Building an Accessible Knowledge Base

2018-02-17

Over the last few years, I have put some effort into making a modern knowledge base that is functional, all-text, and available in all my working environments. Many people have written to-do lists, wiki, and knowledge base solutions over the years, and many are available. My advice is to buy into a solution you are passionate about and perhaps build some of it yourself. The most important part, it has to be available in all text. The solution I came up with involves using vimwiki for more extended documentation. I wrote a simple command-line program called buz that continues to append notes to a YAML file for single-line notes on specific subjects. I use Syncthing to synchronize my data between my work and home computers while having simple and secure versioning without a third party having my data.

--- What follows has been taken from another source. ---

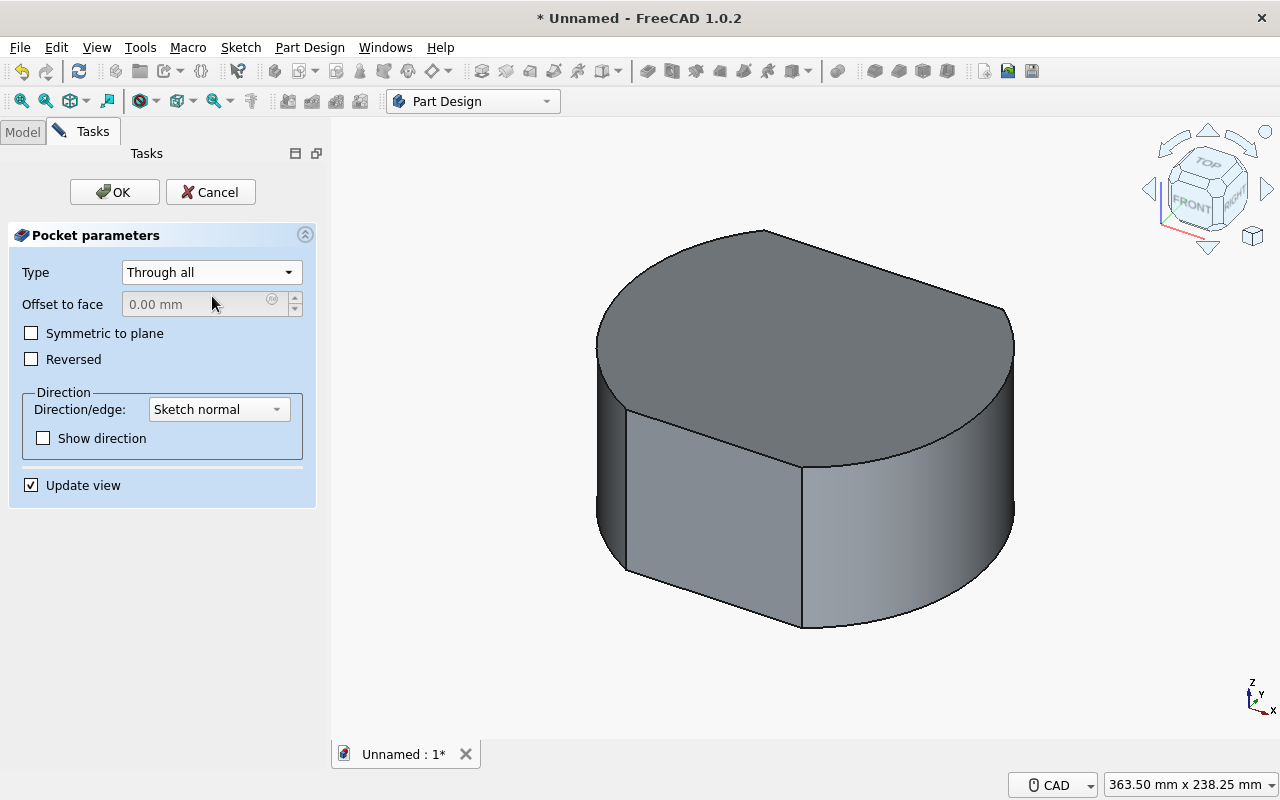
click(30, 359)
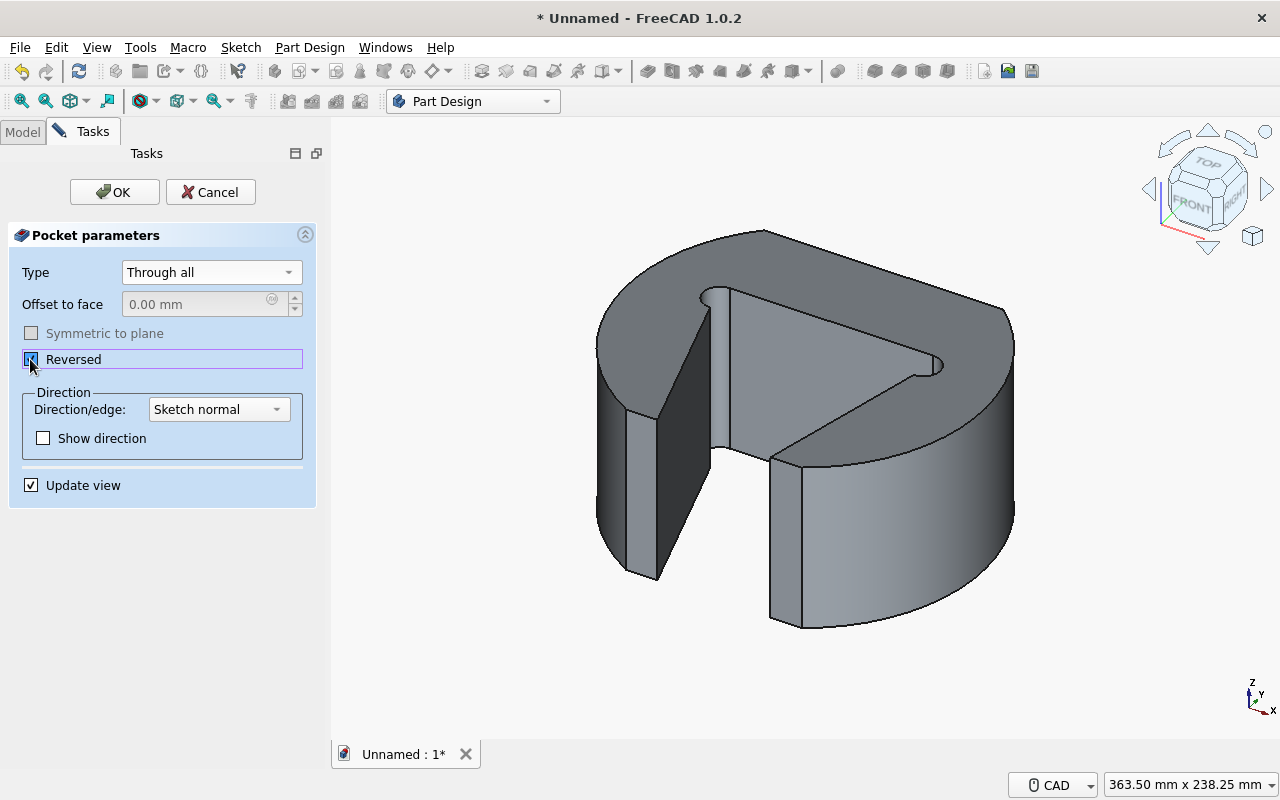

Vimwiki provides a robust personal wiki that I can edit in Vim, or the files are easily identifiable from any file viewer and can be edited in any text editor. The advantage I have with vimwiki is that the wiki index beautifully links to all my wiki pages. I can also utilize a daily diary and to-do list that is easily accessible with or without Vim. Vimwiki gives me a little more power over just managing text files by easily linking to documentation and daily diary pages that are created with just a few keystrokes rather than having to develop daily pages entirely on my own. After a few years of use, this tool has become indispensable, and I have it efficiently working on Mac and Linux computers alike.

I wanted a simple minimalist approach for those one-liners, single commands, or short notes that are helpful to bring up quickly, so I wrote a simple command-line program I call buz. From the command line, I can call buz and issue a subject, followed by the single line note I want to remember, and this information is saved to a YAML file. All the program does is check if the subject has been entered before; if so, the note is appended under that subject; if not, the new topic is added along with the message. You can quickly grep any matter and find notes rapidly.

The vimwiki and the buz YAML files are saved to directories that I synchronize across devices using Syncthing, an open and decentralized replacement for things like Dropbox or SpiderOak. I was a massive fan of SpiderOak, but I did not need cloud storage; I already have computers in multiple locations. While SpiderOak had my information encrypted, I did not want to pay for synchronizing files. Syncthing is secure and does not have any of my files on third-party servers; there is no server where my data might be compromised legally or illegally; my files are on my machines only.